And most people don’t put two and two together and realize that it was downstream impacts from the Epstein class season control of our media that killed journalism. Instead we blame tiktok which is to say young people because tick tock is associated with young people…

Re:AP spin

By damn_registrars • Score: 4, Interesting Thread

In other words, we are toast. Sad because AP was once one of the original newspapers/sites with journalists rather than editorialists but that ship has sailed for most if not all of those outfits. It’s hard keeping up with the Kardashians/Jones, whatever.

You’re missing the point of the AP, and it’s actual composition. I worked at a daily newspaper most of my way through undergrad and knew the ins and outs of the AP better than most.

The main use of the AP was to get international news to outlets who couldn’t afford to place staff in places further away from their own location. A great example is any international war, though even big national events (9/11 being a great example) are also places where AP stories are valuable.
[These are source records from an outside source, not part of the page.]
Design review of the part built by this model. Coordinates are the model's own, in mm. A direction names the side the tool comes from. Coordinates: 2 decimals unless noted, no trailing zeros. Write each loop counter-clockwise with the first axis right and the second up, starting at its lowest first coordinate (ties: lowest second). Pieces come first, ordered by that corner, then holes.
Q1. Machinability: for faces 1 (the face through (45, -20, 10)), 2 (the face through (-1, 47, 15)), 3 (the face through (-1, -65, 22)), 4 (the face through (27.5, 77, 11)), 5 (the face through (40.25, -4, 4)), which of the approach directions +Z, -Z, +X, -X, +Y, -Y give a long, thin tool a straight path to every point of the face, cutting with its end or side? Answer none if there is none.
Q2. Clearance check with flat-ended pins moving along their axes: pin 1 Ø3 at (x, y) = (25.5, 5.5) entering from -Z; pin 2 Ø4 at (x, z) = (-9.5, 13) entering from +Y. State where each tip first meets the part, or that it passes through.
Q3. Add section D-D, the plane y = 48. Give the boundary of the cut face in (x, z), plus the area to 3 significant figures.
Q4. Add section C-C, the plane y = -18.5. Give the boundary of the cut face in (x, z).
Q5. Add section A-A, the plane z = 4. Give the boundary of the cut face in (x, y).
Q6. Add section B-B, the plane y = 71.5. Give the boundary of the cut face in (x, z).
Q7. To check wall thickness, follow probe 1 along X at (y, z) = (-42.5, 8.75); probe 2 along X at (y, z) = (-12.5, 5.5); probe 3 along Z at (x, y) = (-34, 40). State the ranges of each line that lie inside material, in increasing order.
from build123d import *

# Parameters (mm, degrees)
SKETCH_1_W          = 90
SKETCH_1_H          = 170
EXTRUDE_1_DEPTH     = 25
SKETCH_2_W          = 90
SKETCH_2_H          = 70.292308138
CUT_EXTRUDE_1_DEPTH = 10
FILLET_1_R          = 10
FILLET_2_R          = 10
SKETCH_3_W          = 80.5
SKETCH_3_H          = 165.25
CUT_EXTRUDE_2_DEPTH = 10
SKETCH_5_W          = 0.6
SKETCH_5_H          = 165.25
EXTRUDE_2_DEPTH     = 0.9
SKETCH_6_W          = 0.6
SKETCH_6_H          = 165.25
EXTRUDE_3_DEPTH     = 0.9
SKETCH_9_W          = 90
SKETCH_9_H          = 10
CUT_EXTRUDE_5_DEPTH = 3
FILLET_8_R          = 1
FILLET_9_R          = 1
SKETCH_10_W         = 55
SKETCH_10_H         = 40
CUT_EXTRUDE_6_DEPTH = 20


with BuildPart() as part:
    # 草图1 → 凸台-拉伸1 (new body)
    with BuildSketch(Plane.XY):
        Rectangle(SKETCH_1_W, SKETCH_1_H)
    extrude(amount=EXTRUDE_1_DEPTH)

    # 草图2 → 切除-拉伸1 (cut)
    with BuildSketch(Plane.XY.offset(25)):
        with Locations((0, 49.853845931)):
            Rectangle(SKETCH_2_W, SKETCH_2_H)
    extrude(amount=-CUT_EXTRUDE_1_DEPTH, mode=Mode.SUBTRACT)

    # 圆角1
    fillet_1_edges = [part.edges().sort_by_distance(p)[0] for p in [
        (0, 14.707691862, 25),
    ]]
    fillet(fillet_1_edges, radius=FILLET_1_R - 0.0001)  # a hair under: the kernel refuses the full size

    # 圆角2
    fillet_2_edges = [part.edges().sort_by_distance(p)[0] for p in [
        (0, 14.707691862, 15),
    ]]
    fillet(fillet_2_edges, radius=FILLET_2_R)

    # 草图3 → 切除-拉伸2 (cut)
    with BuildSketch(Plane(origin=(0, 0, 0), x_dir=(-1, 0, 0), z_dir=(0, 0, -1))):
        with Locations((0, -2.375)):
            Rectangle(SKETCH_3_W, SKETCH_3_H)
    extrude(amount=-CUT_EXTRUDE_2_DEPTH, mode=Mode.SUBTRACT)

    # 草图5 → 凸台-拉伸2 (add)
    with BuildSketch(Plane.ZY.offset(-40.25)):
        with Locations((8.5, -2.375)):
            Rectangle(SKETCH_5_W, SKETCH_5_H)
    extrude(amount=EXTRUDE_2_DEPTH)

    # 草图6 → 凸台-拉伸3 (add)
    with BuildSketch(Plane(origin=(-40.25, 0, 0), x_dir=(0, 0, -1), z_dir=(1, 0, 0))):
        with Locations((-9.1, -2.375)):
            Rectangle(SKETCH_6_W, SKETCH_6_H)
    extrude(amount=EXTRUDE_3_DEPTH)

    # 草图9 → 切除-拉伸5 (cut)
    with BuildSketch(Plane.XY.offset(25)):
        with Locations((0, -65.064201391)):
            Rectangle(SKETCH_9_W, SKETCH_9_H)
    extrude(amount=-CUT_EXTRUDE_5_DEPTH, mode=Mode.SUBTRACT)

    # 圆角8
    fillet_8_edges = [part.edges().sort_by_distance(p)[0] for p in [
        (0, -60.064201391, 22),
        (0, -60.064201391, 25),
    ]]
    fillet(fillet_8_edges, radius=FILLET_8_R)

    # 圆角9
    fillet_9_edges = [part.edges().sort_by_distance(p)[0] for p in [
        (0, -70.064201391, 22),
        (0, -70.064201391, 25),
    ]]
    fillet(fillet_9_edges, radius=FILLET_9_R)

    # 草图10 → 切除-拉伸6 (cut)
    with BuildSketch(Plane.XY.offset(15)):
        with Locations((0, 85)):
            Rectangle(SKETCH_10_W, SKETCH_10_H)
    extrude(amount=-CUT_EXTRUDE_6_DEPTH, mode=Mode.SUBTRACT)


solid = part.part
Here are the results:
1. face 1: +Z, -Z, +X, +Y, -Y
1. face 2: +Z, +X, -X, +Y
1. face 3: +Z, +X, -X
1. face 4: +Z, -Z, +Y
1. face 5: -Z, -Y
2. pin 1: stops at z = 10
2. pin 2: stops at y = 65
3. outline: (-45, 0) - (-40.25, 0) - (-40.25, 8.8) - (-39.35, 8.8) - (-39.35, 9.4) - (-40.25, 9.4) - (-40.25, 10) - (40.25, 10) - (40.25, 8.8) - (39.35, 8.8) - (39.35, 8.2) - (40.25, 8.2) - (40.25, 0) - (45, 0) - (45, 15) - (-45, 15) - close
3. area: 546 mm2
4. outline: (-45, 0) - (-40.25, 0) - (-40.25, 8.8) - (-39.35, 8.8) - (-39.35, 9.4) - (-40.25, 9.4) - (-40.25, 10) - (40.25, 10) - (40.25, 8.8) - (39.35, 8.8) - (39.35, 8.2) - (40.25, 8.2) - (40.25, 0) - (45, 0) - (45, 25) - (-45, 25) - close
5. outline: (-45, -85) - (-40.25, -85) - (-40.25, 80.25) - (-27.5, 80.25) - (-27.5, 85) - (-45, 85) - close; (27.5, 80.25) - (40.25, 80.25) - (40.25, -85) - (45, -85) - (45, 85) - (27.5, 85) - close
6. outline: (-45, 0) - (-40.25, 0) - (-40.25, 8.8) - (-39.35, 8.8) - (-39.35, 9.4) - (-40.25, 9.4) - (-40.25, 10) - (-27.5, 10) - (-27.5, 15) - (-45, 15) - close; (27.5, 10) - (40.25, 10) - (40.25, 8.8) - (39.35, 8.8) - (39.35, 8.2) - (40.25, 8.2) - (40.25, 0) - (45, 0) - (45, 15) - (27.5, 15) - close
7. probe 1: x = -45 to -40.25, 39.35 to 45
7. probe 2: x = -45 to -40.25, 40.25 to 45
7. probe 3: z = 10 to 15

The AP carries very little editorial content. Yes there are a few editorial writers who publish there but the volume from them is minimal compared to the objective news reporting. Some people like to claim otherwise but that is from those who aren’t actually looking at the body of work on ap.org.

Unfortunately the newspaper model is indeed dying. Many of us are lamenting it and we’re not sure what solution could bring it back. Printed news was supported by advertising, both display ads and classified ads. In the 90s your local daily paper likely had 4-8 pages of classified ads, every day. Now the majority of that is on craigslist or facebook. On Sundays your paper had full color printed advertising inserts from over a dozen retailers; many of those retails have since gone out of business and many of the ones who remain don’t advertise that way anymore. Online subscriptions can offset a small part of this, but only a small part. Online advertisements are blocked by most readers’ browsers, so that isn’t productive for newspapers in many cases either.

The tabloid and editorial “journalism” you refer to is successful because it does a better job of selling crap to its audience. Don’t confuse it with the professionals at the AP.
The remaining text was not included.